Theater review: Well-rounded 'Private Lives'

A baseball field faces GTC Burbank, a small theater situated in the middle of George Izay Park. Off to one side is a children's playground. Inside the modest 98-seat venue, the curtain is going up on a decidedly different reality: the 1930s world of acerbic wit, sophisticated sniping and sartorial elegance that is “Private Lives,” one of the frothiest of frothy Noel Coward comedies.

Directed with finesse by Jules Aaron, well cast and gorgeously costumed, this Table for Two production of a classic comedy of manners, often staged but challenging to get right, is a happy surprise.

The plot: Amanda and Elyot (Stasha Surdyke and Lenny Von Dohlen), divorced for five years and newly married to others, are unknowingly honeymooning at the same French hotel and occupying side-by-side suites.

Insecure new spouses Victor and Sibyl (Annie Abrams and Jeff Witzke), who exist as Coward's foils for passion-driven Amanda and Elyot, and whose shared unforgivable sin is conventionality, increasingly suffer by comparison as they roil the waters with pointed remarks about their predecessors.
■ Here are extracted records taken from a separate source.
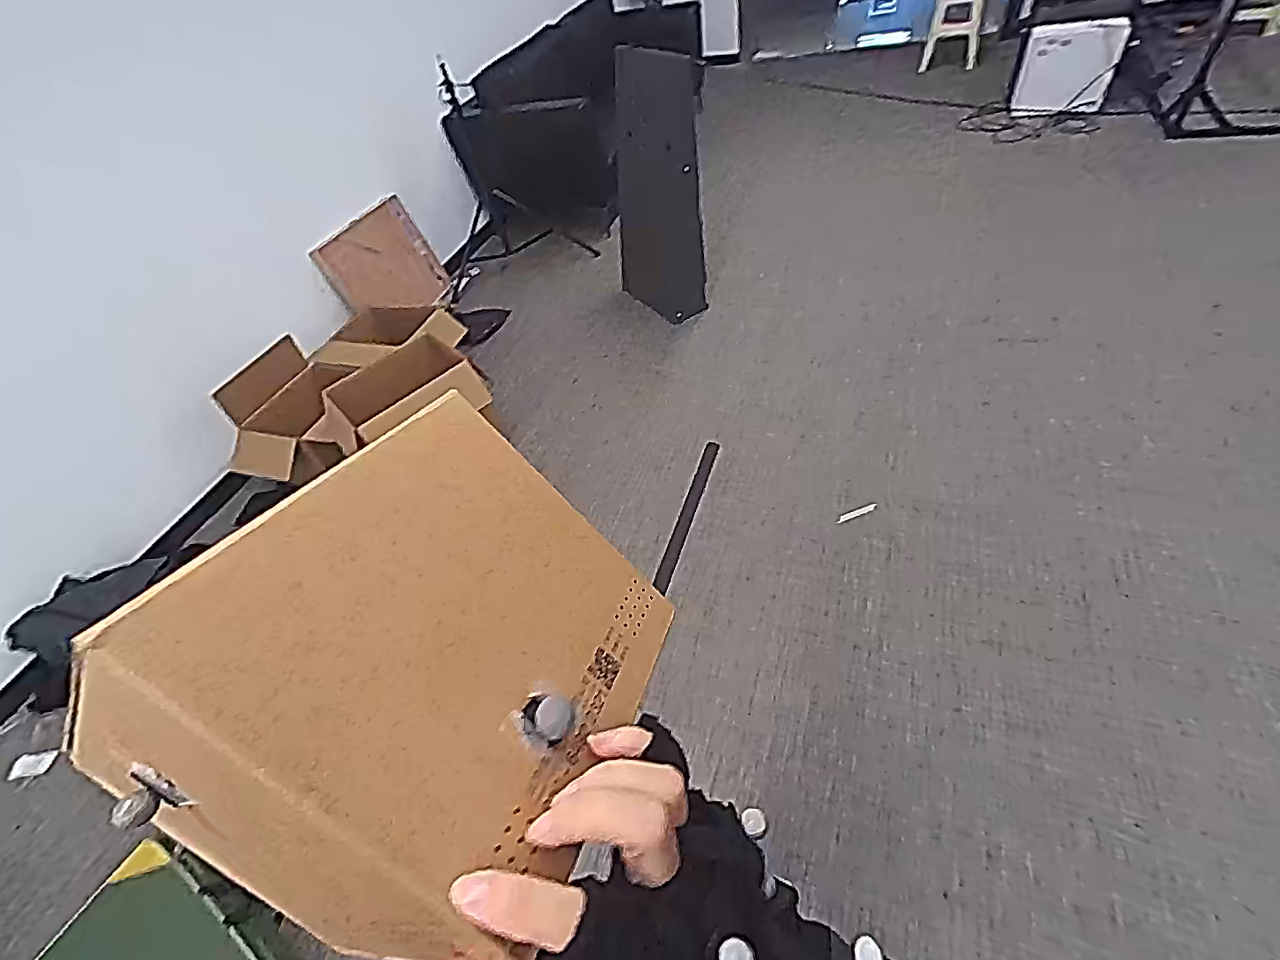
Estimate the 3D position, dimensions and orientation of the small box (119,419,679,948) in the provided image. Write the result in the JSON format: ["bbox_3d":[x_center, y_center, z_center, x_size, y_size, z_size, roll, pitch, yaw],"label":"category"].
[{"bbox_3d":[-0.111,0.107,0.286,0.179,0.176,0.168,-35,14,35],"label":"small box"}]
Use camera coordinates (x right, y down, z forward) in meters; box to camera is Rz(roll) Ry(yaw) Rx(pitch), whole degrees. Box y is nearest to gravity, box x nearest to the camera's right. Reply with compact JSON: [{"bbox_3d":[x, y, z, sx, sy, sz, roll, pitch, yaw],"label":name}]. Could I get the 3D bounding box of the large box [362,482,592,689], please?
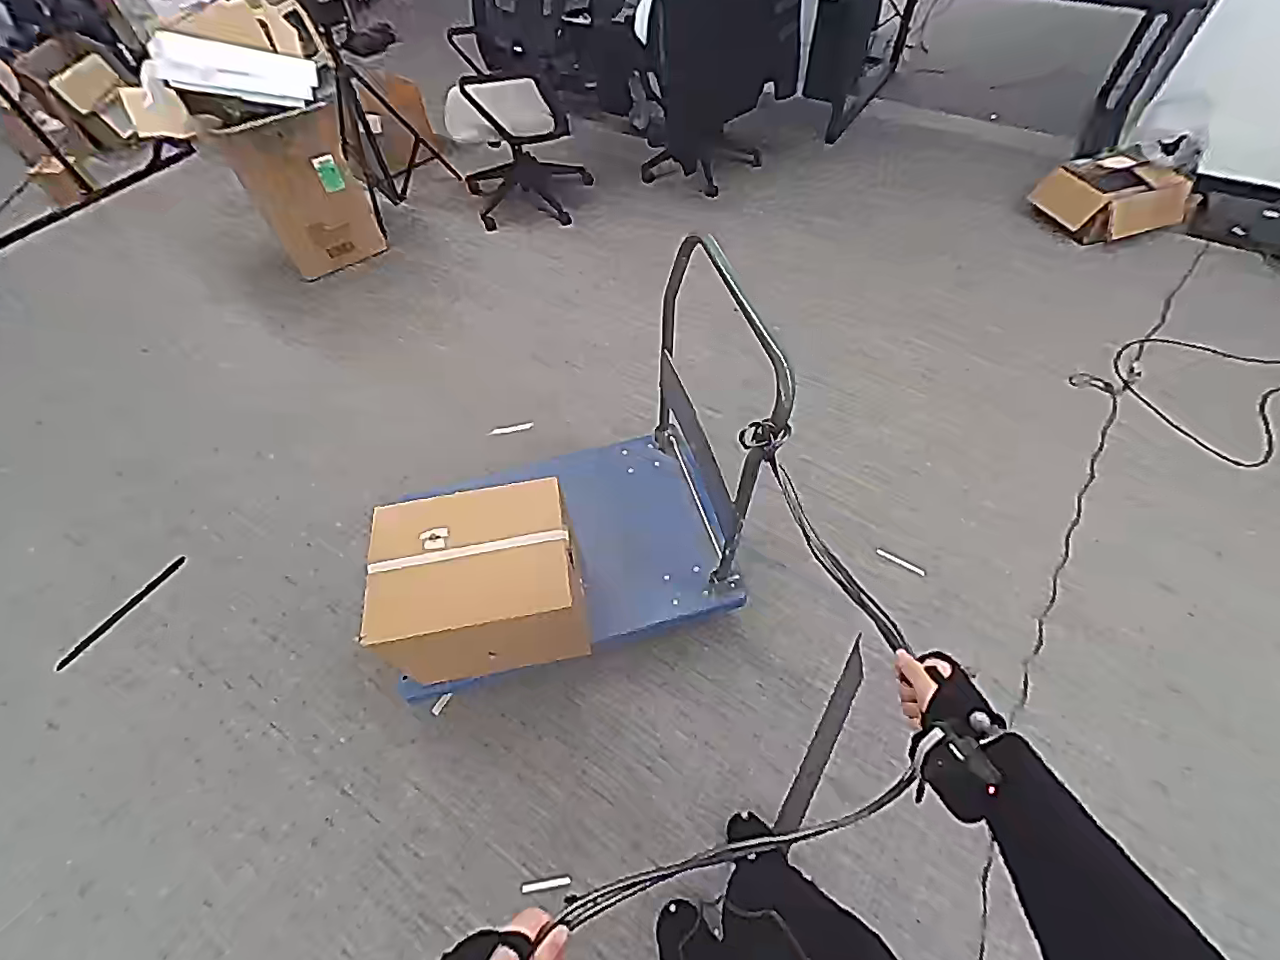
[{"bbox_3d":[-0.343,0.246,1.222,0.408,0.320,0.320,-11,55,-3],"label":"large box"}]
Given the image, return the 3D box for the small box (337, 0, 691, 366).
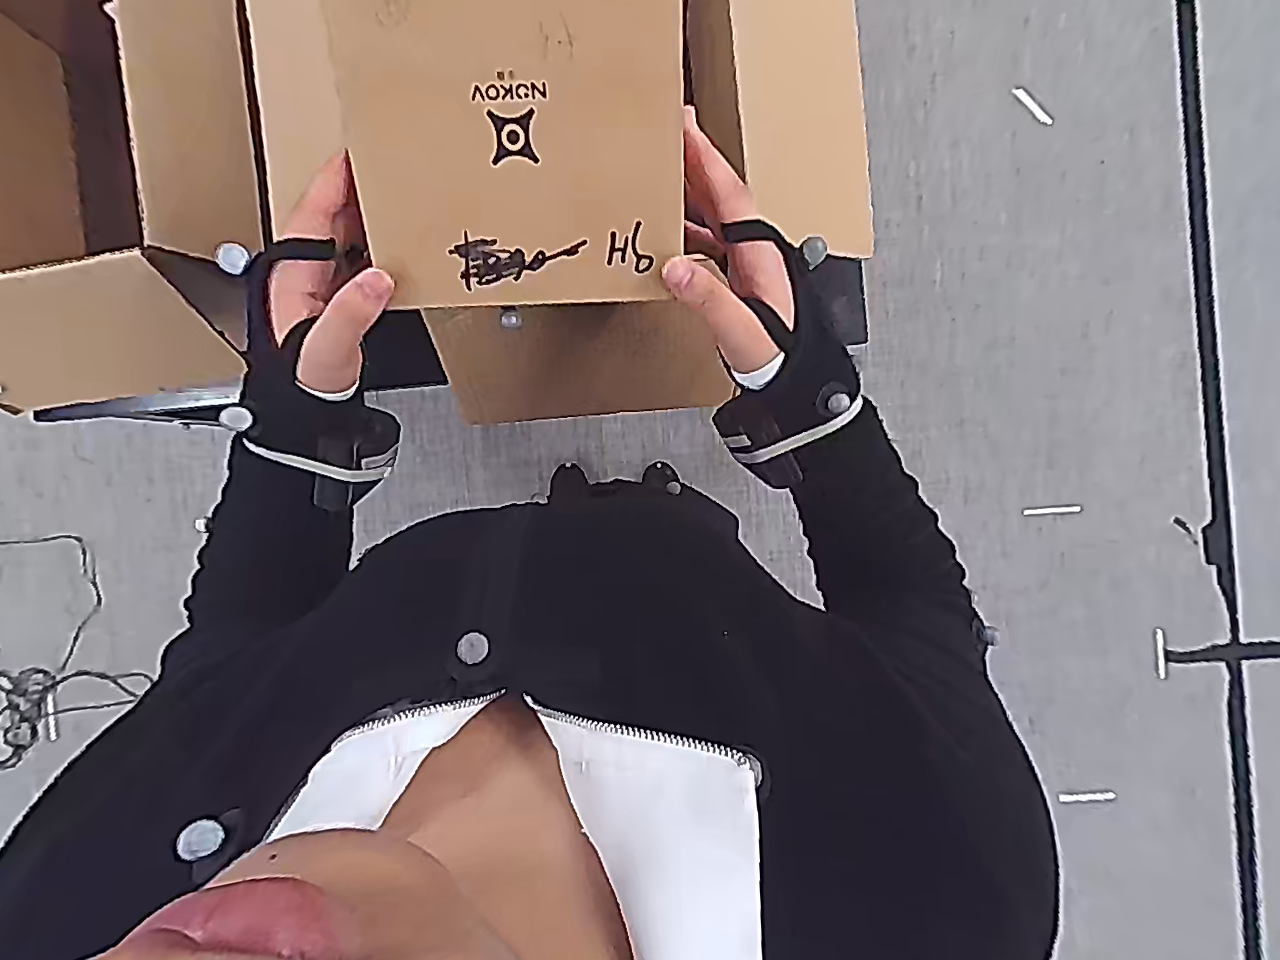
[{"bbox_3d":[-0.058,-0.174,0.350,0.168,0.176,0.179,-1,111,0],"label":"small box"}]
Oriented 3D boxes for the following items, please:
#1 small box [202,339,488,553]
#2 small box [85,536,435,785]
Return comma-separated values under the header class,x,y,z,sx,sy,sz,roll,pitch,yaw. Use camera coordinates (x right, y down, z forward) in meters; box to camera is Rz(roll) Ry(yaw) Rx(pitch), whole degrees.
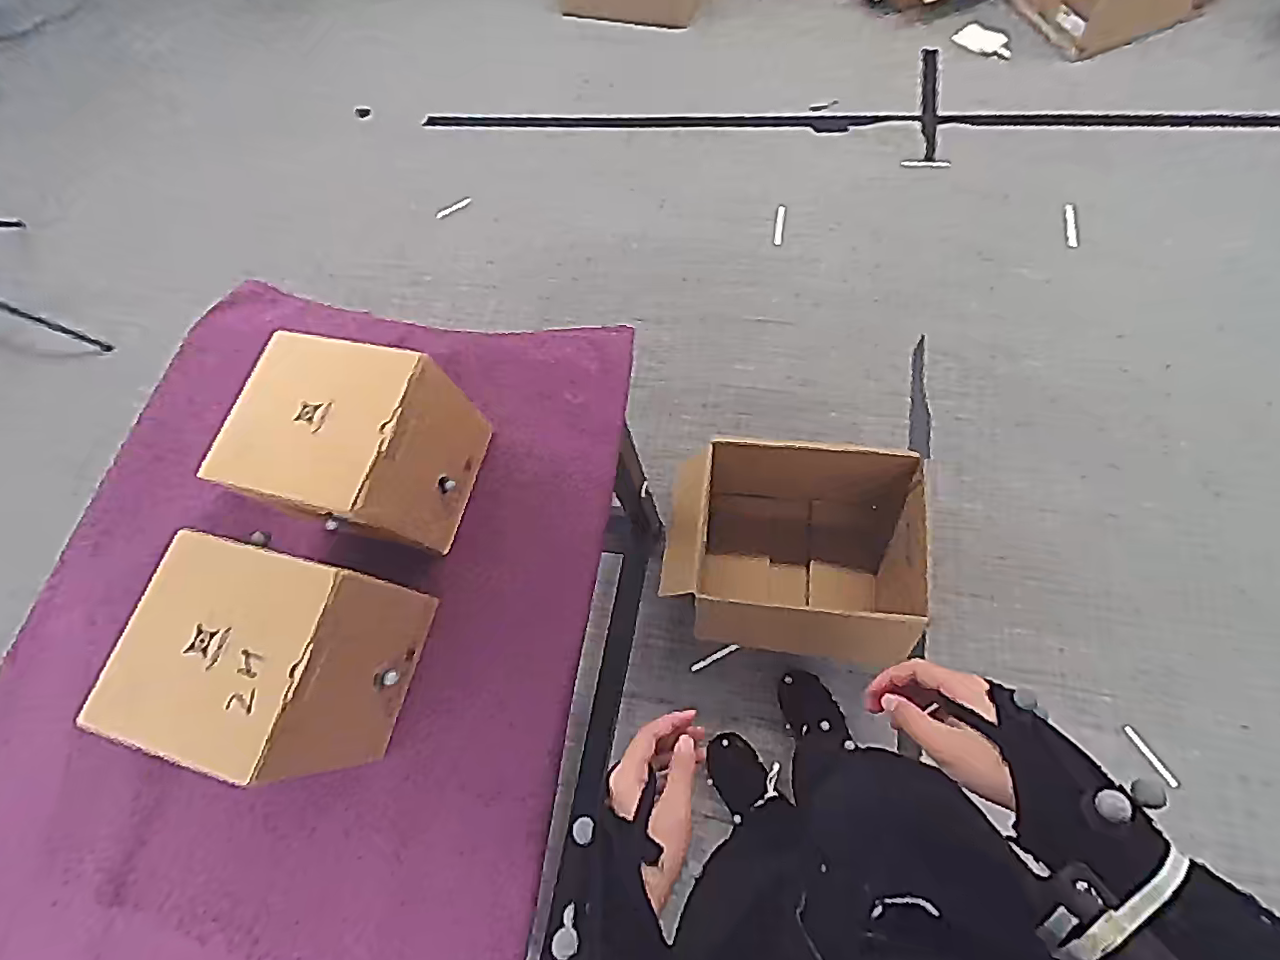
class,x,y,z,sx,sy,sz,roll,pitch,yaw
small box,-0.297,-0.028,0.585,0.179,0.176,0.168,10,71,13
small box,-0.335,0.167,0.515,0.179,0.176,0.168,10,71,12
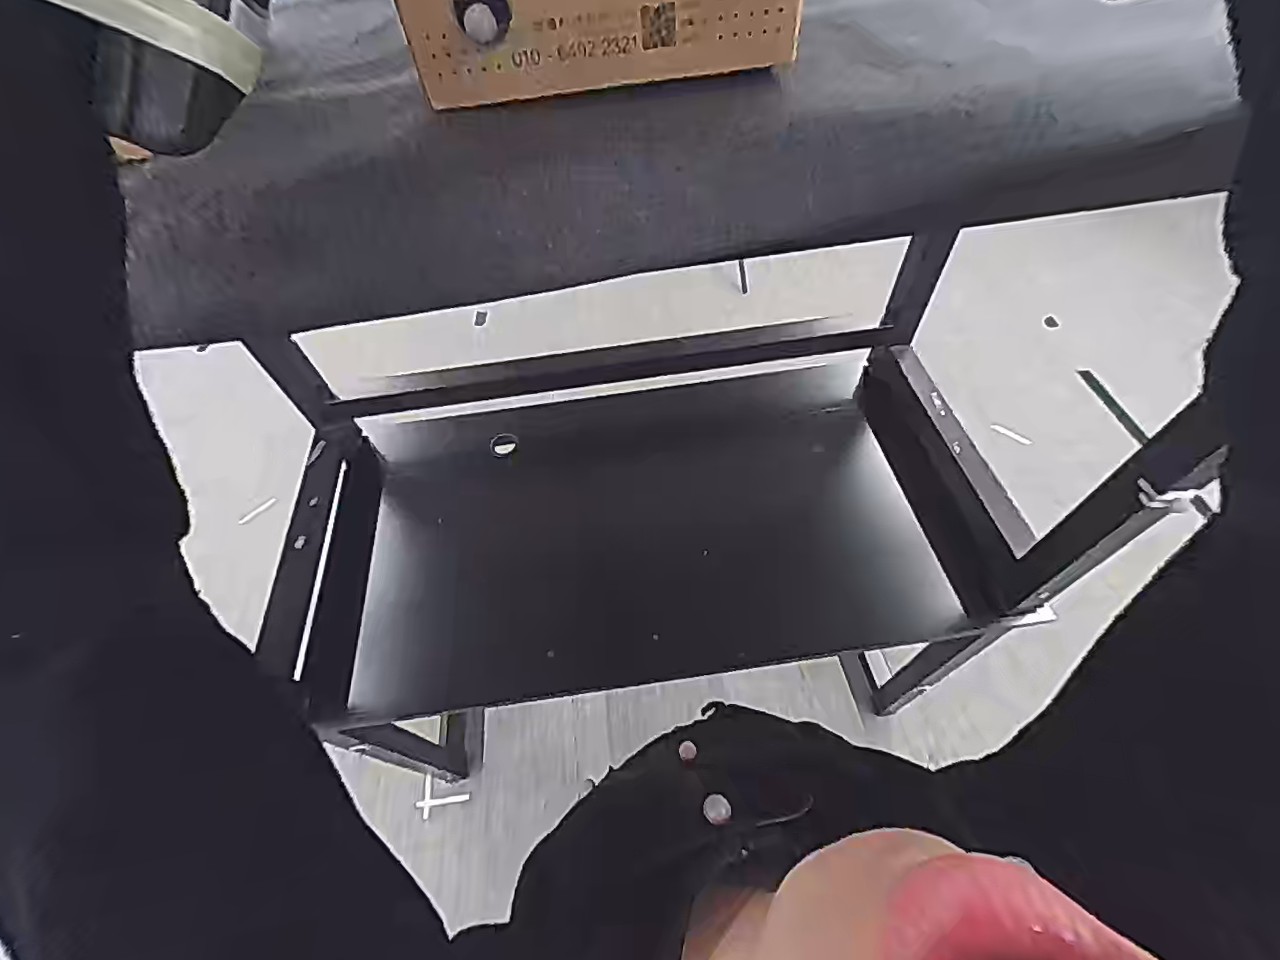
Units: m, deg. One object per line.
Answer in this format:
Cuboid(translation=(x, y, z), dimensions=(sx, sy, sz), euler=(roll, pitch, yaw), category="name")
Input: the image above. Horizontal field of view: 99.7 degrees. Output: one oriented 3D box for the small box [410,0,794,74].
Cuboid(translation=(-0.027, -0.294, 0.225), dimensions=(0.168, 0.176, 0.179), euler=(-8, 52, -1), category="small box")
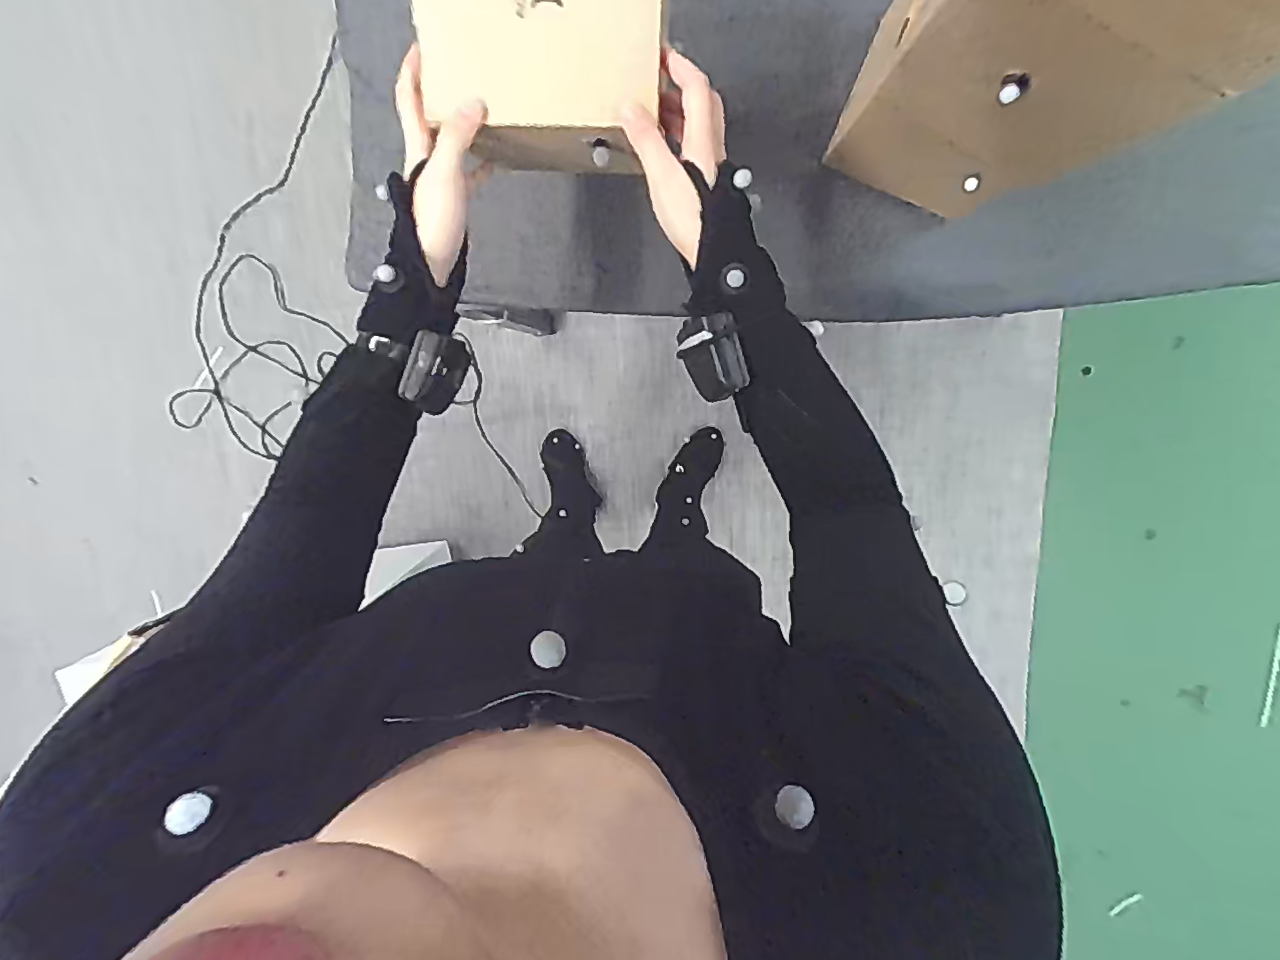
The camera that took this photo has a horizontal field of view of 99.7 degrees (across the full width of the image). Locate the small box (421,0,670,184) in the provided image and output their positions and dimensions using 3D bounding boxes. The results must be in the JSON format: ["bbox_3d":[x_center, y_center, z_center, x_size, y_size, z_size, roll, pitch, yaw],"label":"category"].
[{"bbox_3d":[-0.065,-0.360,0.457,0.179,0.176,0.168,4,108,3],"label":"small box"}]

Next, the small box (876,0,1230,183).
[{"bbox_3d":[0.311,-0.345,0.384,0.179,0.176,0.168,29,100,-3],"label":"small box"}]

The inevitable happens. Amanda and Elyot discover that they share a terrace as the faint sound of “their” one-time song wafts up from below — the plaintive “Some Day I'll Find You,” written by Coward for the play. Rekindled desire and acidic verbal skirmishes ensue, with cocktail lubrication and a choreography of cigarette flourishes (the actors don't actually light up).

As the volatile tug-of-war increasingly whets Amanda and Elyot's appetite for another go at conjugal bliss, the pair abandon hapless Victor and Sibyl and high-tail it off to Amanda's Paris flat. (JC Gafford's restrained hotel terrace set with twin glass doors, tables and chairs undergoes a full transformation during intermission to become Amanda's cozy Paris apartment, complete with shawl-draped piano.)

Once there, the unrepentant couple careen between extravagant declarations of undying love, verbal one-upmanship and escalating hostilities until the aggrieved Victor and Sibyl turn up to spark a further reassessment of the situation.

Guided by Aaron's light touch, these accomplished actors are a pleasure to watch as they meet the demands of the play's fizzy mix of elegance, laugh-out-loud humor and rapid-fire dialogue.

While Angie Light in the small role of long-suffering maid Louise is one-note, Surdyke and Von Dohlen are a ferocious delight, rollicking through the fast-paced repartee, hairpin mood turns and sexy clinches with spot-on comic timing and graceful physicality. Witzke's Victor is a hoot in his clench-jawed earnestness; Abrams, with her big eyes, cupid's-bow mouth and cap of tight blond curls, mines comic gold as Sibyl, with just a look and a sly tug of her foundation garments.

Speaking of garments, costume designer Shon LeBlanc, who supplies numerous costume changes, nearly steals the show with the lavishness of his contribution: sleek day wear, hats and gloves, satin pajamas, backless evening gowns with feathers and loads of sparkle, tuxedos and three-piece suits.

Other production values in the small black box theater are nicely considered, too, with J. Kent Inasy's ambient lighting and clean sound design by Max Kinberg that includes cued period music for the gramophone and strategically placed piano.